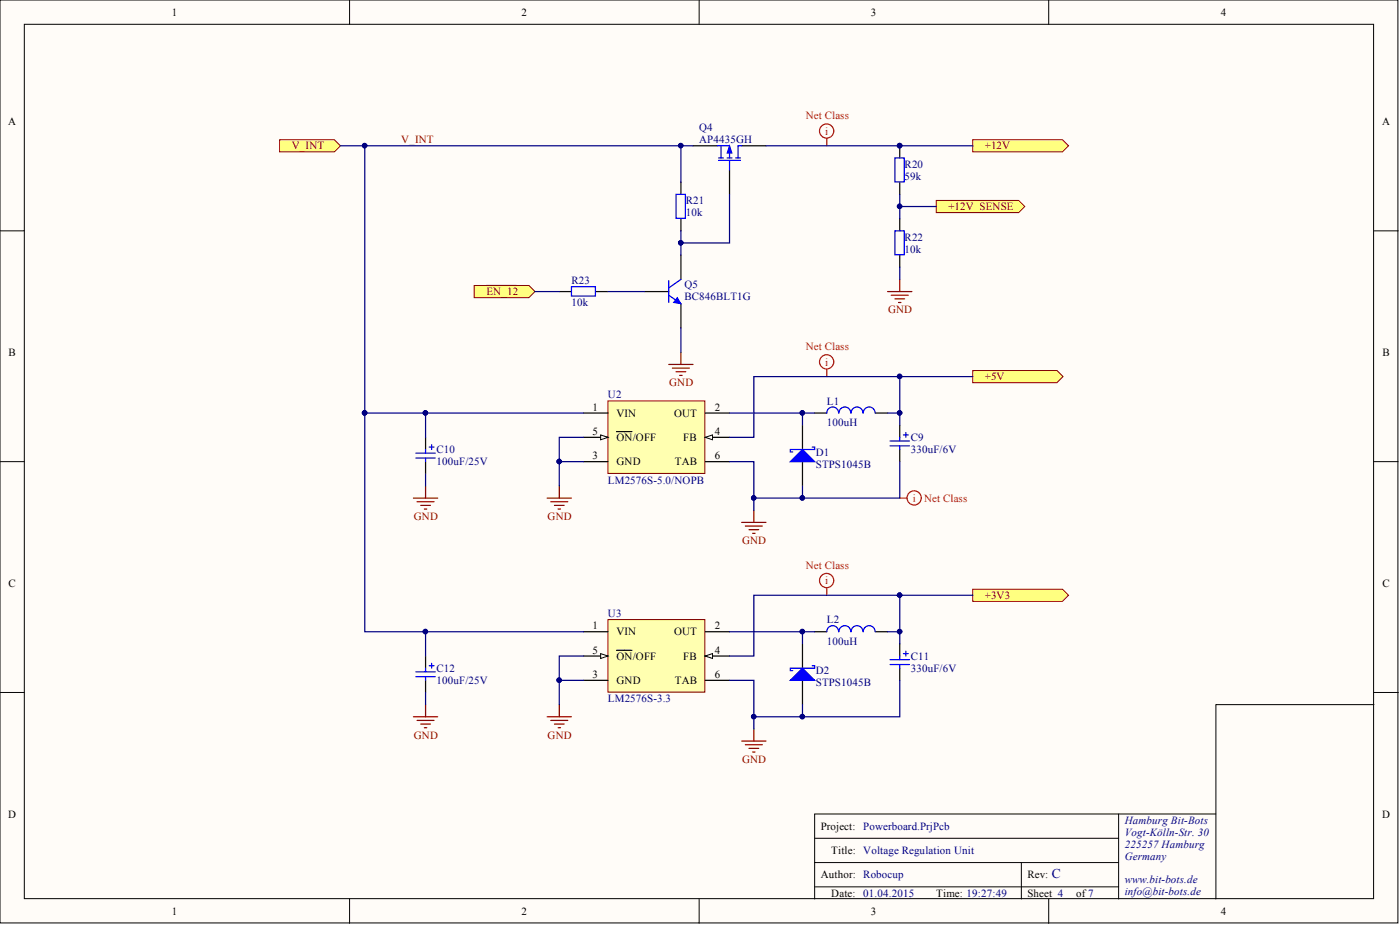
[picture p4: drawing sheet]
<svg xmlns="http://www.w3.org/2000/svg" width="292mm" height="193mm" viewBox="0 0 292 193" stroke-linecap="round" stroke-linejoin="round" font-family="sans-serif">
<defs><g id="words">
<text font-size="2.8" fill="#000080" x="219.4" y="183.2">C</text>
<g font-size="2.3">
<text x="35.9" y="3.3">1</text>
<text x="108.8" y="3.3">2</text>
<text x="181.7" y="3.3">3</text>
<text x="254.7" y="3.3">4</text>
<text x="1.7" y="26.1">A</text>
<text x="288.4" y="26.1">A</text>
<text x="1.8" y="74.3">B</text>
<text x="288.4" y="74.3">B</text>
<text x="123.6" y="85.7">1</text>
<text x="128.6" y="86.9">VIN</text>
<text x="140.6" y="86.9">OUT</text>
<text x="149.2" y="85.7">2</text>
<text x="123.6" y="90.7">5</text>
<text x="123.6" y="95.8">3</text>
<text x="128.6" y="92">ON/OFF</text>
<text x="142.6" y="92">FB</text>
<text x="149.2" y="90.7">4</text>
<text x="149.2" y="95.8">6</text>
<text x="128.6" y="97.1">GND</text>
<text x="140.8" y="97.1">TAB</text>
<text x="1.8" y="122.4">C</text>
<text x="288.4" y="122.4">C</text>
<text x="123.6" y="131.3">1</text>
<text x="149.2" y="131.3">2</text>
<text x="123.6" y="136.4">5</text>
<text x="128.6" y="132.6">VIN</text>
<text x="128.6" y="137.6">ON/OFF</text>
<text x="140.6" y="132.6">OUT</text>
<text x="142.6" y="137.6">FB</text>
<text x="149.2" y="136.4">4</text>
<text x="123.6" y="141.4">3</text>
<text x="128.6" y="142.7">GND</text>
<text x="140.8" y="142.7">TAB</text>
<text x="149.2" y="141.4">6</text>
<text x="1.7" y="170.6">D</text>
<text x="171.2" y="173.1">Project:</text>
<text x="288.4" y="170.6">D</text>
<text x="173.4" y="178.2">Title: Voltage Regulation Unit</text>
<text x="171.2" y="183.2">Author: Robocup</text>
<text x="214.4" y="183.2">Rev:</text>
<text x="35.9" y="190.8">1</text>
<text x="108.8" y="190.8">2</text>
<text x="173.4" y="187">Date:</text>
<text x="181.7" y="190.8">3</text>
<text x="195.3" y="187">Time: 19:27:49</text>
<text x="214.4" y="187">Sheet 4</text>
<text x="224.5" y="187">of7</text>
<text x="254.7" y="190.8">4</text>
</g>
<g font-size="2.3" fill="#800000">
<text x="83.7" y="29.9">V_INT</text>
<text x="60.9" y="31.2">V_INT</text>
<text x="205.5" y="31.2">+12V</text>
<text x="197.9" y="43.8">+12V_SENSE</text>
<text x="101.5" y="61.6">EN_12</text>
<text x="185.3" y="65.4">GND</text>
<text x="139.6" y="80.6">GND</text>
<text x="205.5" y="79.3">+5V</text>
<text x="86.3" y="108.5">GND</text>
<text x="114.2" y="108.5">GND</text>
<text x="154.8" y="113.5">GND</text>
<text x="205.5" y="124.9">+3V3</text>
<text x="86.3" y="154.1">GND</text>
<text x="114.2" y="154.1">GND</text>
<text x="154.8" y="159.2">GND</text>
</g>
<g font-size="2.3" fill="#000080">
<text x="145.9" y="27.4">Q4</text>
<text x="145.9" y="29.9">AP4435GH</text>
<text x="188.7" y="35">R20</text>
<text x="188.7" y="37.5">59k</text>
<text x="143.1" y="42.6">R21</text>
<text x="143.1" y="45.1">10k</text>
<text x="188.7" y="50.2">R22</text>
<text x="188.7" y="52.7">10k</text>
<text x="119.2" y="59.3">R23</text>
<text x="119.2" y="63.9">10k</text>
<text x="142.8" y="60.1">Q5</text>
<text x="142.8" y="62.6">BC846BLT1G</text>
<text x="126.8" y="83.1">U2</text>
<text x="172.5" y="84.4">L1</text>
<text x="172.5" y="89">100uH</text>
<text x="91.1" y="94.5">C10</text>
<text x="170.2" y="95">D1</text>
<text x="190" y="92">C9</text>
<text x="190" y="94.5">330uF/6V</text>
<text x="91.1" y="97.1">100uF/25V</text>
<text x="126.8" y="100.9">LM2576S-5.0/NOPB</text>
<text x="170.2" y="97.6">STPS1045B</text>
<text x="126.8" y="128.7">U3</text>
<text x="172.5" y="130">L2</text>
<text x="172.5" y="134.6">100uH</text>
<text x="190" y="137.6">C11</text>
<text x="91.1" y="140.2">C12</text>
<text x="91.1" y="142.7">100uF/25V</text>
<text x="170.2" y="140.7">D2</text>
<text x="170.2" y="143.2">STPS1045B</text>
<text x="190" y="140.2">330uF/6V</text>
<text x="126.8" y="146.5">LM2576S-3.3</text>
<text x="180.1" y="173.1">Powerboard.PrjPcb</text>
<text x="234.7" y="171.8">Hamburg Bit-Bots</text>
<text x="234.7" y="174.4">Vogt-Kölln-Str. 30</text>
<text x="234.7" y="176.9">225257 Hamburg</text>
<text x="234.7" y="179.4">Germany</text>
<text x="234.7" y="184.3">www.bit-bots.de</text>
<text x="180.1" y="187">01.04.2015</text>
<text x="234.7" y="186.8">info@bit-bots.de</text>
</g>
<g font-size="2.3" fill="#f00">
<text x="168.1" y="24.8">Net Class</text>
<text x="172.2" y="28.1">i</text>
<text x="168.1" y="73">Net Class</text>
<text x="172.2" y="76.3">i</text>
<text x="190.4" y="104.7">i</text>
<text x="192.8" y="104.7">Net Class</text>
<text x="168.1" y="118.6">Net Class</text>
<text x="172.2" y="121.9">i</text>
</g>
</g></defs>
<g fill="#fffcf8" stroke="#000" stroke-width=".21">
<path d="M0 0h291.7v192.5h-291.7z"/>
<path d="M5.1 5.1h281.5v182.4h-281.5z"/>
</g>
<g fill="none" stroke="#000" stroke-width=".21">
<path d="M72.9 0v5.1M145.9 0v5.1M218.8 0v5.1M0 48.2h5.1M286.7 48.2h5M0 96.3h5.1M286.7 96.3h5M0 144.5h5.1M286.7 147h-33v40.5M286.7 144.5h5M170 179.9h63.4M170 174.9h63.4"/>
<path d="M213.1 179.9v7.6M233.4 169.8v17.7M253.7 169.8h-83.7v17.7M72.9 187.5v5.1M145.9 187.5v5.1M170 185h63.4M218.8 187.5v5.1"/>
</g>
<path d="M58.3 29.1h11.5l1.2 1.3-1.2 1.3h-11.5z" fill-rule="evenodd" fill="#ffff80" stroke="#800000" stroke-width=".21"/>
<path d="M142.1 53.2v5.1M116.7 60.8h2.5M124.3 60.8h2.5M134.5 60.8h5M142.1 63.4v5" fill="none" stroke="#000" stroke-width=".25"/>
<path d="M119.2 59.8h5v2h-5zM139.5 58.5v4.6M142.1 58.3l-2.6 1.8M139.5 61.6l2.6 1.8" fill="none" stroke="#00f" stroke-width=".25"/>
<path d="M141.3 62.1l.8 1.3-1.6-.3z" fill="#00f"/>
<path d="M141.3 62.1l.8 1.3-1.6-.3z" fill="none" stroke="#00f" stroke-width=".21"/>
<path d="M139.5 76h5.1M140.3 76.8h3.5M141 77.6h2.1M141.8 78.3h.5M142.1 73.5v2.5" fill="none" stroke="#800000" stroke-width=".25"/>
<path d="M126.8 83.6h20.3v15.2h-20.3z" fill="#ffffb0" stroke="#800000" stroke-width=".21"/>
<path d="M147.1 91.2h5.1" fill="none" stroke="#000" stroke-width=".25"/>
<path d="M147.1 91.2l1.6-.5v1z" fill="#fffcf8"/>
<path d="M147.1 91.2l1.6-.5v1z" fill="none" stroke="#000" stroke-width=".21"/>
<path d="M121.8 86.2h5M121.8 91.2h5" fill="none" stroke="#000" stroke-width=".25"/>
<path d="M125.3 90.7l1.5 .5-1.5 .5z" fill="#fffcf8"/>
<path d="M125.3 90.7l1.5 .5-1.5 .5z" fill="none" stroke="#000" stroke-width=".21"/>
<path d="M121.8 96.3h5M128.6 90h3.2M147.1 96.3h5.1M147.1 86.2h5.1" fill="none" stroke="#000" stroke-width=".25"/>
<path d="M126.8 129.3h20.3v15.1h-20.3z" fill="#ffffb0" stroke="#800000" stroke-width=".21"/>
<path d="M147.1 136.9h5.1" fill="none" stroke="#000" stroke-width=".25"/>
<path d="M147.1 136.9l1.6-.5v1z" fill="#fffcf8"/>
<path d="M147.1 136.9l1.6-.5v1z" fill="none" stroke="#000" stroke-width=".21"/>
<path d="M121.8 131.8h5M121.8 136.9h5" fill="none" stroke="#000" stroke-width=".25"/>
<path d="M125.3 136.4l1.5 .5-1.5 .5z" fill="#fffcf8"/>
<path d="M125.3 136.4l1.5 .5-1.5 .5z" fill="none" stroke="#000" stroke-width=".21"/>
<path d="M128.6 135.7h3.2M147.1 131.8h5.1M121.8 141.9h5M147.1 141.9h5.1" fill="none" stroke="#000" stroke-width=".25"/>
<path d="M114.2 103.9h5M114.9 104.7h3.6M115.7 105.4h2M116.4 106.2h.5M116.7 101.4v2.5M114.2 149.5h5M114.9 150.3h3.6M115.7 151.1h2M116.4 151.8h.5M116.7 147v2.5" fill="none" stroke="#800000" stroke-width=".25"/>
<path d="M98.9 59.6h11.5l1.2 1.2-1.2 1.3h-11.5z" fill-rule="evenodd" fill="#ffff80" stroke="#800000" stroke-width=".21"/>
<path d="M101.5 59.6h6.2M154.7 109h5.1M155.5 109.7h3.6M156.3 110.5h2M157 111.3h.5M157.3 106.4v2.6" fill="none" stroke="#800000" stroke-width=".25"/>
<path d="M167.4 88.7v5.1M167.4 96.3v5.1M170 86.2h2.5M182.7 86.2h2.5" fill="none" stroke="#000" stroke-width=".25"/>
<path d="M175 86.2a1.23 1.23 0 0 0-1.3-1.3 1.23 1.23 0 0 0-1.2 1.3M177.5 86.2a1.23 1.23 0 0 0-1.2-1.3 1.23 1.23 0 0 0-1.3 1.3M180 86.2a1.23 1.23 0 0 0-1.2-1.3 1.23 1.23 0 0 0-1.2 1.3M182.6 86.2a1.23 1.23 0 0 0-1.3-1.3 1.23 1.23 0 0 0-1.2 1.3" fill="none" stroke="#00f" stroke-width=".25"/>
<path d="M164.9 96.3l2.5-2.5 2.6 2.5z" fill="#00f"/>
<path d="M164.9 96.3l2.5-2.5 2.6 2.5zM169.5 93.3h.5v.5h-5.1v.5h.5M175 131.8a1.23 1.23 0 0 0-1.3-1.3 1.23 1.23 0 0 0-1.2 1.3M177.5 131.8a1.23 1.23 0 0 0-1.2-1.3 1.23 1.23 0 0 0-1.3 1.3M180 131.8a1.23 1.23 0 0 0-1.2-1.3 1.23 1.23 0 0 0-1.2 1.3M182.6 131.8a1.23 1.23 0 0 0-1.3-1.3 1.23 1.23 0 0 0-1.2 1.3" fill="none" stroke="#00f" stroke-width=".25"/>
<path d="M167.4 134.3v5.1M170 131.8h2.5M182.7 131.8h2.5M167.4 141.9v5.1" fill="none" stroke="#000" stroke-width=".25"/>
<path d="M164.9 141.9l2.5-2.5 2.6 2.5z" fill="#00f"/>
<path d="M169.5 138.9h.5v.5h-5.1v.5h.5M185.7 137.6h4.1M185.7 138.6h4.1M187.7 136.9v.7M187.7 138.6v.8M188.5 136.4h1M189 135.8v1.1M164.9 141.9l2.5-2.5 2.6 2.5z" fill="none" stroke="#00f" stroke-width=".25"/>
<path d="M187.7 134.3v2.6M187.7 139.4v2.5" fill="none" stroke="#000" stroke-width=".25"/>
<path d="M154.7 154.6h5.1M155.5 155.4h3.6M156.3 156.1h2M157 156.9h.5M157.3 152.1v2.5" fill="none" stroke="#800000" stroke-width=".25"/>
<g fill="#ffff80" stroke="#800000" stroke-width=".21">
<path d="M202.9 29.1h18.8l1.2 1.3-1.2 1.3h-18.8z" fill-rule="evenodd"/>
<path d="M202.9 77.3h17.6l1.3 1.3-1.3 1.2h-17.6z" fill-rule="evenodd"/>
<path d="M202.9 122.9h18.8l1.2 1.3-1.2 1.3h-18.8z" fill-rule="evenodd"/>
</g>
<path d="M144.6 30.4h5.1M152.2 35.5v5.1M154.7 30.4h5.1M88.8 91.2v2.6M88.8 96.3v2.5M88.8 136.9v2.5M88.8 141.9v2.6" fill="none" stroke="#000" stroke-width=".25"/>
<g fill="none" stroke="#00f" stroke-width=".25">
<path d="M149.7 30.4h2.5v2.5M149.9 33.5h4.6M149.9 32.9h1M150.4 30.4v2.5M151.7 32.9h1M152.2 33.5v2M153.5 32.9h1M154 30.4v2.5M86.8 94.5h4M86.8 95.5h4M88.8 93.8v.7M88.8 95.5v.8"/>
<path d="M89.6 93.3h1M90.1 92.8v1M88.8 139.4v.8M89.6 138.9h1M90.1 138.4v1M86.8 140.2h4M86.8 141.2h4M88.8 141.2v.7"/>
</g>
<path d="M86.3 103.9h5M87 104.7h3.6M87.8 105.4h2M88.5 106.2h.5M88.8 101.4v2.5M86.3 149.5h5M87 150.3h3.6M87.8 151.1h2M88.5 151.8h.5M88.8 147v2.5" fill="none" stroke="#800000" stroke-width=".25"/>
<path d="M152.2 30.4l.5 1.5h-1z" fill="#00f"/>
<path d="M152.2 30.4l.5 1.5h-1z" fill="none" stroke="#00f" stroke-width=".21"/>
<path d="M154 30.4h.7M186.7 32.9h2v5h-2zM186.7 48.2h2v4.9h-2zM185.7 92h4.1M185.7 93h4.1M187.7 91.2v.8M187.7 93v.8M188.5 90.7h1M189 90.2v1" fill="none" stroke="#00f" stroke-width=".25"/>
<g fill="none" stroke="#f00" stroke-width=".25">
<path d="M172.5 28.9v1.5"/>
<circle cx="172.5" cy="27.3" r="1.48"/>
</g>
<path d="M187.7 30.4v2.5M187.7 38v2.6M187.7 45.6v2.6M187.7 53.2v2.6M187.7 88.7v2.5M187.7 93.8v2.5" fill="none" stroke="#000" stroke-width=".25"/>
<circle cx="187.7" cy="30.4" r=".47" fill="#000080" stroke="#000080" stroke-width=".21"/>
<path d="M187.7 58.3v2.5M185.2 60.8h5.1M186 61.6h3.5M186.7 62.3h2M187.5 63.1h.5" fill="none" stroke="#800000" stroke-width=".25"/>
<path d="M195.3 41.8h17.2l1.3 1.3-1.3 1.3h-17.2z" fill-rule="evenodd" fill="#ffff80" stroke="#800000" stroke-width=".21"/>
<path d="M142.1 38v2.6M142.1 45.6v2.6" fill="none" stroke="#000" stroke-width=".25"/>
<path d="M141 40.6h2v4.9h-2z" fill="none" stroke="#00f" stroke-width=".25"/>
<g fill="none" stroke="#f00" stroke-width=".25">
<path d="M172.5 77v1.6M187.7 103.9h1.6M172.5 122.7v1.5"/>
<circle cx="172.5" cy="75.5" r="1.48"/>
<circle cx="190.7" cy="103.9" r="1.48"/>
<circle cx="172.5" cy="121.1" r="1.48"/>
</g>
<g fill="none" stroke="#000080" stroke-width=".25">
<path d="M71 30.4h5.1v55.8M76.1 30.4h66v7.6M142.1 30.4h2.5M159.8 30.4h43.1M142.1 48.2v5M152.2 40.6v10.1h-10.1M187.7 40.6v5M187.7 55.8v2.5M187.7 43.1h7.6M111.6 60.8h5.1M126.8 60.8h7.7M142.1 68.4v5.1"/>
<path d="M187.7 78.6h15.2M76.1 86.2v45.6h45.7M76.1 86.2h45.7M88.8 86.2v5M88.8 98.8v2.6M121.8 96.3h-5.1v5.1M121.8 91.2h-5.1v5.1M152.2 96.3h5.1v10.1M152.2 86.2h15.2M170 86.2h-2.6v2.5M185.2 86.2h2.5v-7.6h-30.4v12.6h-5.1M187.7 96.3v7.6h-20.3"/>
<path d="M187.7 86.2v2.5M167.4 101.4v2.5h-10.1M88.8 131.8v5.1M121.8 136.9h-5.1v5M152.2 131.8h15.2M170 131.8h-2.6v2.5M185.2 131.8h2.5M187.7 134.3v-10.1h-30.4v12.7h-5.1M187.7 124.2h15.2M88.8 144.5v2.5M121.8 141.9h-5.1v5.1M152.2 141.9h5.1v10.2"/>
<path d="M167.4 147v2.5h-10.1M187.7 141.9v7.6h-20.3"/>
</g>
<g fill="#000080" stroke="#000080" stroke-width=".21">
<circle cx="116.7" cy="96.3" r=".47"/>
<circle cx="116.7" cy="141.9" r=".47"/>
<circle cx="142" cy="30.4" r=".47"/>
<circle cx="76.1" cy="30.4" r=".47"/>
<circle cx="76.1" cy="86.1" r=".47"/>
<circle cx="157.2" cy="103.9" r=".47"/>
<circle cx="167.4" cy="86.1" r=".47"/>
<circle cx="187.7" cy="86.1" r=".47"/>
<circle cx="167.4" cy="131.8" r=".47"/>
<circle cx="167.4" cy="149.5" r=".47"/>
<circle cx="187.7" cy="131.8" r=".47"/>
<circle cx="157.2" cy="149.5" r=".47"/>
<circle cx="167.4" cy="103.9" r=".47"/>
<circle cx="187.7" cy="78.5" r=".47"/>
<circle cx="187.7" cy="124.1" r=".47"/>
<circle cx="88.8" cy="131.8" r=".47"/>
<circle cx="88.8" cy="86.1" r=".47"/>
<circle cx="142" cy="50.7" r=".47"/>
<circle cx="187.7" cy="43" r=".47"/>
<circle cx="187.7" cy="30.4" r=".47"/>
</g>
<use href="#words"/>
</svg>

# Required action
Please say how many lines of the records contain the word "Hamburg", giving the number by itself.

# Answer below
2